Le gouvernement emmené par les islamistes du Parti justice et développement (PJD), qui doit contenir un déficit ayant atteint 7,3 % du PIB en 2012, a décidé d'indexer de manière «partielle» et «limitée» les prix des carburants sur les cours internationaux. Entrée en vigueur mi-septembre, cette décision a aussitôt entraîné une hausse de 5 % à 8 % des prix à la pompe.

Cette mesure est présentée comme le point de départ d'une réforme de la caisse de compensation, qui subventionne à grands frais des produits de base: son coût a explosé, atteignant en 2012 près de 55 milliards de dirhams (4,9 milliards d'euros, 6 % du PIB).

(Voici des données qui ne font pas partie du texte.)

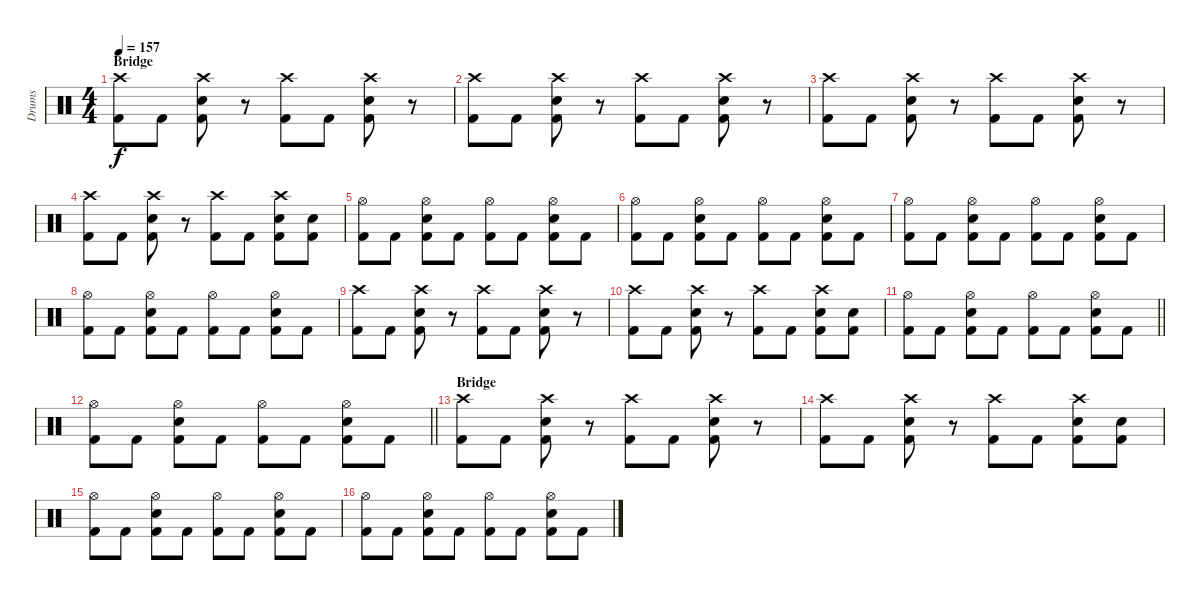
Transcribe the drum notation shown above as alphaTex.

\track ("Drums" "Drums") {instrument percussion}
\staff {score}
\articulation defaults
\ts (4 4)
\section ("" "Bridge")
\tempo 157
\clef neutral
\ks c
("Crash high (hit)" "Kick (hit) 2").8{dy f} "Kick (hit) 2".8 ("Crash high (hit)" "Electric Snare (hit)" "Kick (hit) 2").8 r.8 ("Crash high (hit)" "Kick (hit) 2").8 "Kick (hit) 2".8 ("Crash high (hit)" "Electric Snare (hit)" "Kick (hit) 2").8 r.8 |
("Crash high (hit)" "Kick (hit) 2").8 "Kick (hit) 2".8 ("Crash high (hit)" "Electric Snare (hit)" "Kick (hit) 2").8 r.8 ("Crash high (hit)" "Kick (hit) 2").8 "Kick (hit) 2".8 ("Crash high (hit)" "Electric Snare (hit)" "Kick (hit) 2").8 r.8 |
("Crash high (hit)" "Kick (hit) 2").8 "Kick (hit) 2".8 ("Crash high (hit)" "Electric Snare (hit)" "Kick (hit) 2").8 r.8 ("Crash high (hit)" "Kick (hit) 2").8 "Kick (hit) 2".8 ("Crash high (hit)" "Electric Snare (hit)" "Kick (hit) 2").8 r.8 |
("Crash high (hit)" "Kick (hit) 2").8 "Kick (hit) 2".8 ("Crash high (hit)" "Electric Snare (hit)" "Kick (hit) 2").8 r.8 ("Crash high (hit)" "Kick (hit) 2").8 "Kick (hit) 2".8 ("Crash high (hit)" "Electric Snare (hit)" "Kick (hit) 2").8 ("Electric Snare (hit)" "Kick (hit) 2").8 |
("Hi-Hat (open)" "Kick (hit) 2").8 "Kick (hit) 2".8 ("Hi-Hat (open)" "Electric Snare (hit)" "Kick (hit) 2").8 "Kick (hit) 2".8 ("Hi-Hat (open)" "Kick (hit) 2").8 "Kick (hit) 2".8 ("Hi-Hat (open)" "Kick (hit) 2" "Electric Snare (hit)").8 "Kick (hit) 2".8 |
("Hi-Hat (open)" "Kick (hit) 2").8 "Kick (hit) 2".8 ("Hi-Hat (open)" "Electric Snare (hit)" "Kick (hit) 2").8 "Kick (hit) 2".8 ("Hi-Hat (open)" "Kick (hit) 2").8 "Kick (hit) 2".8 ("Hi-Hat (open)" "Kick (hit) 2" "Electric Snare (hit)").8 "Kick (hit) 2".8 |
("Hi-Hat (open)" "Kick (hit) 2").8 "Kick (hit) 2".8 ("Hi-Hat (open)" "Electric Snare (hit)" "Kick (hit) 2").8 "Kick (hit) 2".8 ("Hi-Hat (open)" "Kick (hit) 2").8 "Kick (hit) 2".8 ("Hi-Hat (open)" "Kick (hit) 2" "Electric Snare (hit)").8 "Kick (hit) 2".8 |
("Hi-Hat (open)" "Kick (hit) 2").8 "Kick (hit) 2".8 ("Hi-Hat (open)" "Electric Snare (hit)" "Kick (hit) 2").8 "Kick (hit) 2".8 ("Hi-Hat (open)" "Kick (hit) 2").8 "Kick (hit) 2".8 ("Hi-Hat (open)" "Kick (hit) 2" "Electric Snare (hit)").8 "Kick (hit) 2".8 |
("Crash high (hit)" "Kick (hit) 2").8 "Kick (hit) 2".8 ("Crash high (hit)" "Electric Snare (hit)" "Kick (hit) 2").8 r.8 ("Crash high (hit)" "Kick (hit) 2").8 "Kick (hit) 2".8 ("Crash high (hit)" "Electric Snare (hit)" "Kick (hit) 2").8 r.8 |
("Crash high (hit)" "Kick (hit) 2").8 "Kick (hit) 2".8 ("Crash high (hit)" "Electric Snare (hit)" "Kick (hit) 2").8 r.8 ("Crash high (hit)" "Kick (hit) 2").8 "Kick (hit) 2".8 ("Crash high (hit)" "Electric Snare (hit)" "Kick (hit) 2").8 ("Electric Snare (hit)" "Kick (hit) 2").8 |
\barLineRight lightlight
("Hi-Hat (open)" "Kick (hit) 2").8 "Kick (hit) 2".8 ("Hi-Hat (open)" "Electric Snare (hit)" "Kick (hit) 2").8 "Kick (hit) 2".8 ("Hi-Hat (open)" "Kick (hit) 2").8 "Kick (hit) 2".8 ("Hi-Hat (open)" "Kick (hit) 2" "Electric Snare (hit)").8 "Kick (hit) 2".8 |
\section ("" "")
\barLineRight lightlight
("Hi-Hat (open)" "Kick (hit) 2").8 "Kick (hit) 2".8 ("Hi-Hat (open)" "Electric Snare (hit)" "Kick (hit) 2").8 "Kick (hit) 2".8 ("Hi-Hat (open)" "Kick (hit) 2").8 "Kick (hit) 2".8 ("Hi-Hat (open)" "Kick (hit) 2" "Electric Snare (hit)").8 "Kick (hit) 2".8 |
\section ("" "Bridge")
("Crash high (hit)" "Kick (hit) 2").8 "Kick (hit) 2".8 ("Crash high (hit)" "Electric Snare (hit)" "Kick (hit) 2").8 r.8 ("Crash high (hit)" "Kick (hit) 2").8 "Kick (hit) 2".8 ("Crash high (hit)" "Electric Snare (hit)" "Kick (hit) 2").8 r.8 |
("Crash high (hit)" "Kick (hit) 2").8 "Kick (hit) 2".8 ("Crash high (hit)" "Electric Snare (hit)" "Kick (hit) 2").8 r.8 ("Crash high (hit)" "Kick (hit) 2").8 "Kick (hit) 2".8 ("Crash high (hit)" "Electric Snare (hit)" "Kick (hit) 2").8 ("Electric Snare (hit)" "Kick (hit) 2").8 |
("Hi-Hat (open)" "Kick (hit) 2").8 "Kick (hit) 2".8 ("Hi-Hat (open)" "Electric Snare (hit)" "Kick (hit) 2").8 "Kick (hit) 2".8 ("Hi-Hat (open)" "Kick (hit) 2").8 "Kick (hit) 2".8 ("Hi-Hat (open)" "Kick (hit) 2" "Electric Snare (hit)").8 "Kick (hit) 2".8 |
("Hi-Hat (open)" "Kick (hit) 2").8 "Kick (hit) 2".8 ("Hi-Hat (open)" "Electric Snare (hit)" "Kick (hit) 2").8 "Kick (hit) 2".8 ("Hi-Hat (open)" "Kick (hit) 2").8 "Kick (hit) 2".8 ("Hi-Hat (open)" "Kick (hit) 2" "Electric Snare (hit)").8 "Kick (hit) 2".8
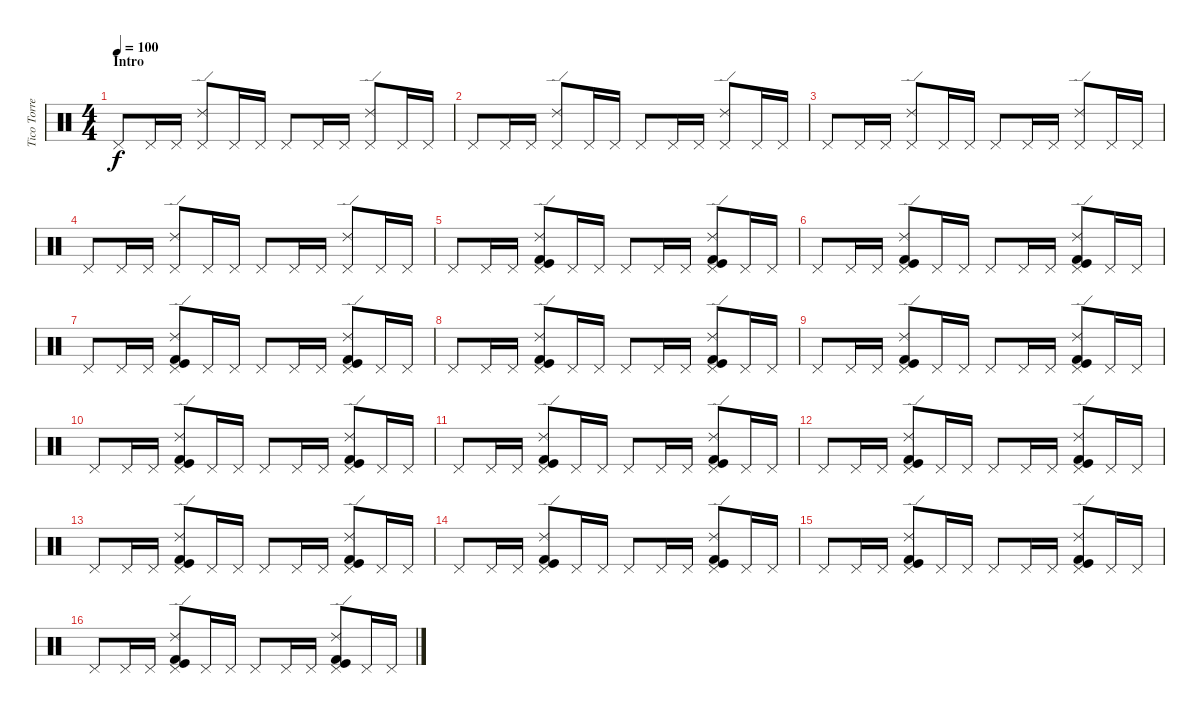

«La force de ce gouvernement est de prendre une décision qui n'est pas populaire, mais doit être prise», a récemment déclaré à l'AFP le ministre responsable de cette réforme, Najib Boulif.

Il a annoncé des mesures d'accompagnement, afin de ne pas entraîner une inflation généralisée, notamment via les coûts de transport. D'après le quotidien L'Économiste, une enveloppe de 150 millions de dirhams va ainsi être débloquée à l'attention de 85 000 conducteurs de taxi.

Le Maroc a également connu une récente hausse de 6 % du prix du lait, «la première depuis 2009», a fait valoir le ministre de l'Agriculture, Aziz Akhannouch.

Sur le plan politique, le gouvernement islamiste doit résoudre au plus vite la question de son remaniement, rendu nécessaire à la suite du passage de l'Istiqlal dans l'opposition.

Le PJD a trouvé un nouvel allié, le Rassemblement national indépendant (RNI, libéral), mais les tractations, qui durent depuis deux mois, piétinent.